When you repeat the material, keep each line exact and omit the pictures.

▶ _Provided data_
☆ ☆ ☆
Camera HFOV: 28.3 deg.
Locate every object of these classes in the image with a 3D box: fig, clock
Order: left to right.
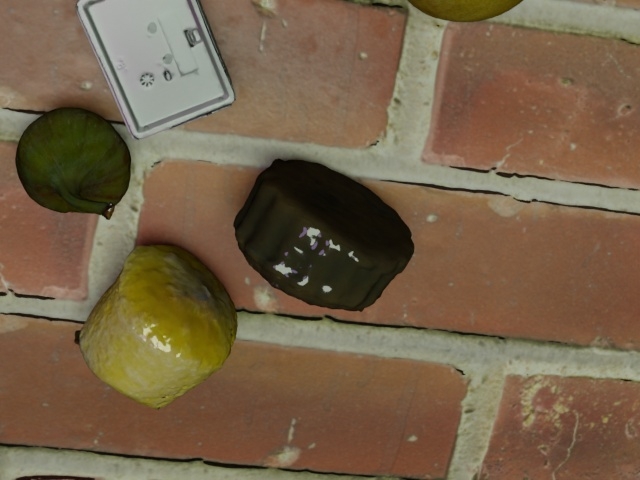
☆ ☆ ☆
▶ _Expected answer_
Camera HFOV: 28.3 deg.
Locate every object of these classes in the image with a 3D box: fig, clock
Order: left to right.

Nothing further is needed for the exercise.